Continuing to develop my Below The Line theme, I’ve been making more prints with my Gelli plate this week. I used acid-free tissue paper and home-made paste paints. There’s a number of recipes for this kind of paint on the Internet, just Google paste paint or paste paper. I stole my recipe from fellow artist and WordPress blogateer 4Rooms and the Moon.

And adulterated it of course to suit my own needs. I made the paste from cornstarch and added dry pigments (Sennelier). The tissue paper was fragile but I dried each sheet between each layer of printing with a craft heat gun and the starch paint has stiffened and strengthened the sheets. The surfaces buckled with the heat, creating crater-like textured surfaces. The sheets are fragile to look at and very light, but much stronger in reality. They have the quality of communion or rice wafers. Yes, I couldn’t resist tasting one of them! Low in calories they may be but they won’t end up as sandwich bread should I fail to get any artworks out of them!

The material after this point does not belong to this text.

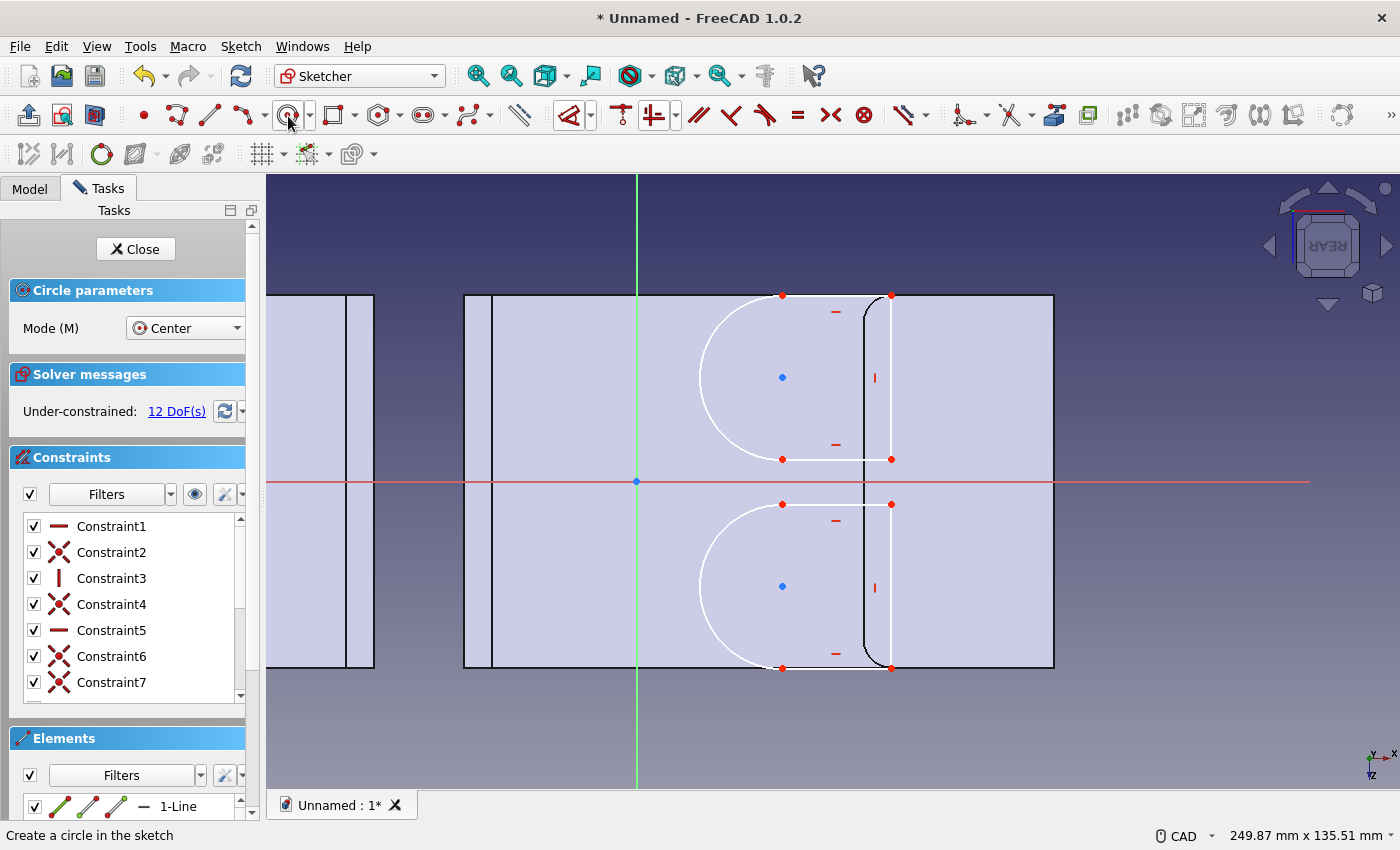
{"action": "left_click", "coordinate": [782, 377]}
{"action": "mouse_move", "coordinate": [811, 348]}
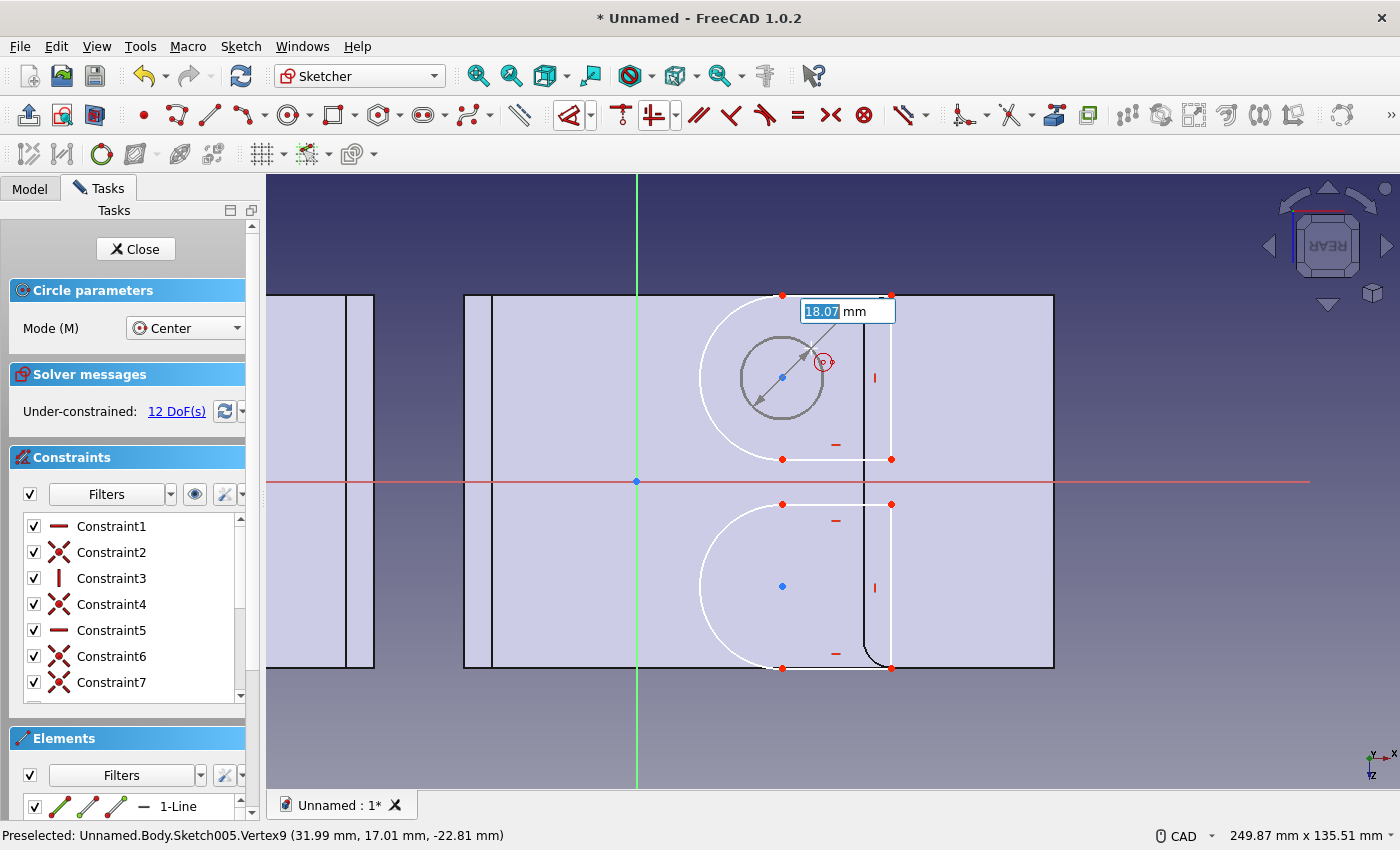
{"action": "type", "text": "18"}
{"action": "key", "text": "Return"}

You will notice that the first image here has holes. It’s to do with DNA. These pattern of holes loosely follow the series of chromosomes that make up the human karyotope. I think the set I copied from was male! I burnt the holes into the paper using an incense stick.
I’m going to continue to experiment with paste paint. I’ll try different papers and ways of making marks. This is a great way of quickly creating an abundance when one’s well of images is running low. And it’s green art: eco-friendly and largely non-toxic (but I don’t recommend eating the papers)!
And no, I’m not trying to find a way of creating a human by chemical means. Just art! I’m happy to leave the Frankenstein stuff to the scientists.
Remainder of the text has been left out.